**WORK ORDER:** The expected output is every line from the one containing "Please do the same for the bicycle (699,596,741,624)." to the end of the data below, exactly, and no other line.

-------- DATASET RECORDS

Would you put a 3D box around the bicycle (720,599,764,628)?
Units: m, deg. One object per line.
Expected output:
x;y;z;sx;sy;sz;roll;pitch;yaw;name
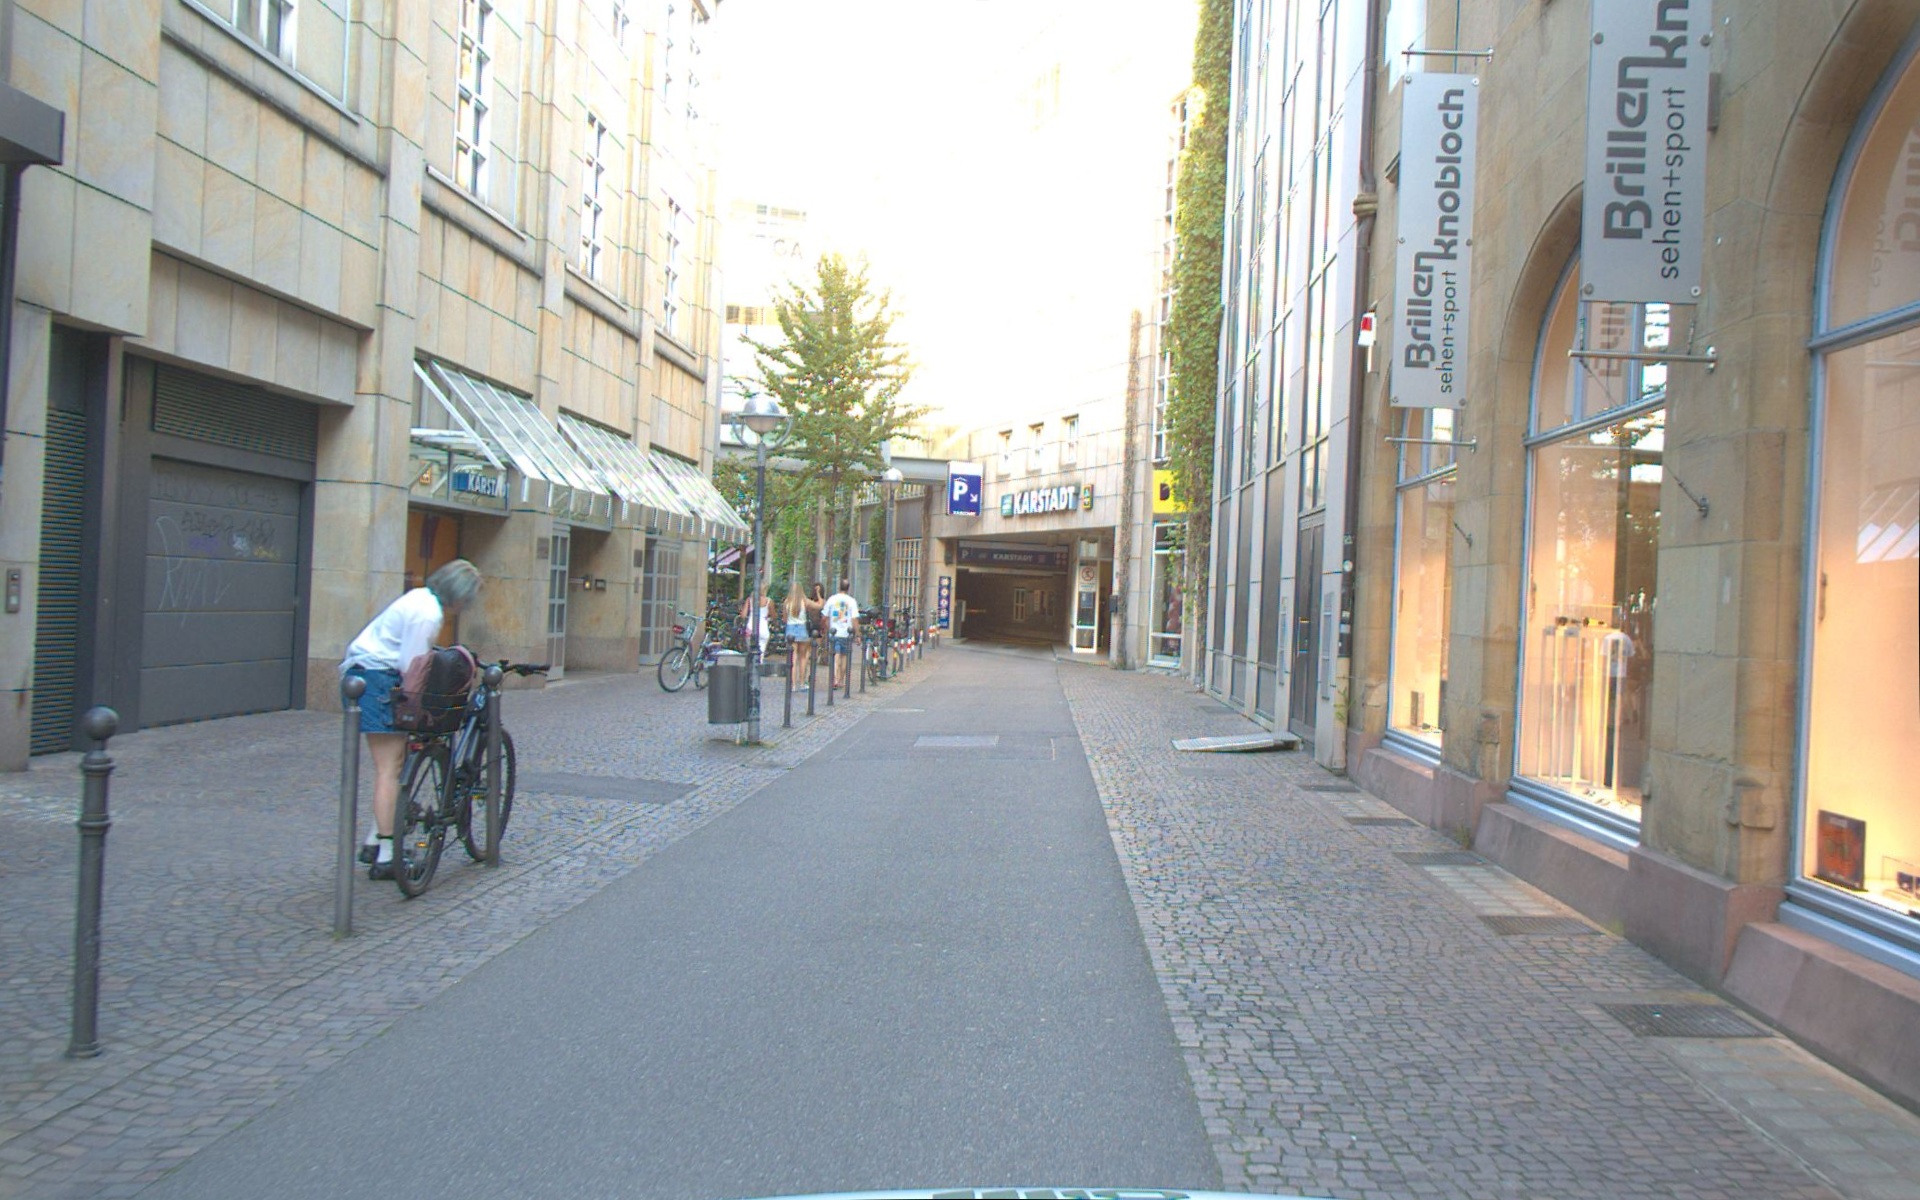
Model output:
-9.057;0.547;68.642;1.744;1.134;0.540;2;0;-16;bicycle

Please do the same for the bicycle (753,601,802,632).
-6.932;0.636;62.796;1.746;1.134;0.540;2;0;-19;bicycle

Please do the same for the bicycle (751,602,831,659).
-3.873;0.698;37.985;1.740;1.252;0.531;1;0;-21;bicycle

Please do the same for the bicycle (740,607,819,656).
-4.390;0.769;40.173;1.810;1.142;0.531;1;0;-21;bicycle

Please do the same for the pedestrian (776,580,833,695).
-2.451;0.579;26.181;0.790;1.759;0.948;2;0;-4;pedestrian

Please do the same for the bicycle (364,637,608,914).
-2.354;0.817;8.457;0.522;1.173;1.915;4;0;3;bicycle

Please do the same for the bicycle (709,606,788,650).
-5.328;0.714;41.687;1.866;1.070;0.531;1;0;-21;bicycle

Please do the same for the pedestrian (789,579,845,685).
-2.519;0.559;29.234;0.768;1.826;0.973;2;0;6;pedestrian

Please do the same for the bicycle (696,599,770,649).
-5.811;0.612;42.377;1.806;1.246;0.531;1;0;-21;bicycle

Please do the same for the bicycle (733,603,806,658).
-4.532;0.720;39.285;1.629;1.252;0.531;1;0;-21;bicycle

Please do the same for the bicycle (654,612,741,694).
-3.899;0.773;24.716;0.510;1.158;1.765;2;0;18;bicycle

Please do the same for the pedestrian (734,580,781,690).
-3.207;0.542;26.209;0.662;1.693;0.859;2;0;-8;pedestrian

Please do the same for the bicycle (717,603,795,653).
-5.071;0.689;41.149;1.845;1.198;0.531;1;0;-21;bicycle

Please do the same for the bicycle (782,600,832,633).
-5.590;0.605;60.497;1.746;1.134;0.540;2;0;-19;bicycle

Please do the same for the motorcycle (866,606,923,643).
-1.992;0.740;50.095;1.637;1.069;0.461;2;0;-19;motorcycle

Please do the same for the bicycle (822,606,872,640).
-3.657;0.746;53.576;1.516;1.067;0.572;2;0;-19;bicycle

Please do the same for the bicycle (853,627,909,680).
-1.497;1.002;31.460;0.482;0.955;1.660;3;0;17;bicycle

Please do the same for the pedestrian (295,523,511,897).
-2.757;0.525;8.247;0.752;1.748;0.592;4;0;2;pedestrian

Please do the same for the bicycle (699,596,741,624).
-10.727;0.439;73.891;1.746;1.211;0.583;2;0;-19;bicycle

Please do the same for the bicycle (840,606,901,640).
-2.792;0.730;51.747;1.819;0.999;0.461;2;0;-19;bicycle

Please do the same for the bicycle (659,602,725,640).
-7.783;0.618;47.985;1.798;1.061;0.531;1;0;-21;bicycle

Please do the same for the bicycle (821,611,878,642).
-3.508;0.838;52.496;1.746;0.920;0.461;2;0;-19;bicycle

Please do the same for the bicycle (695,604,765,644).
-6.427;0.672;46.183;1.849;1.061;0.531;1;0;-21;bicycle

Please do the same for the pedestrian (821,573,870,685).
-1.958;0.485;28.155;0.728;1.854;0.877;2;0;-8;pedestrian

----------------

**RESULT OF THE TASK:**
Please do the same for the bicycle (699,596,741,624).
-10.727;0.439;73.891;1.746;1.211;0.583;2;0;-19;bicycle

Please do the same for the bicycle (840,606,901,640).
-2.792;0.730;51.747;1.819;0.999;0.461;2;0;-19;bicycle

Please do the same for the bicycle (659,602,725,640).
-7.783;0.618;47.985;1.798;1.061;0.531;1;0;-21;bicycle

Please do the same for the bicycle (821,611,878,642).
-3.508;0.838;52.496;1.746;0.920;0.461;2;0;-19;bicycle

Please do the same for the bicycle (695,604,765,644).
-6.427;0.672;46.183;1.849;1.061;0.531;1;0;-21;bicycle

Please do the same for the pedestrian (821,573,870,685).
-1.958;0.485;28.155;0.728;1.854;0.877;2;0;-8;pedestrian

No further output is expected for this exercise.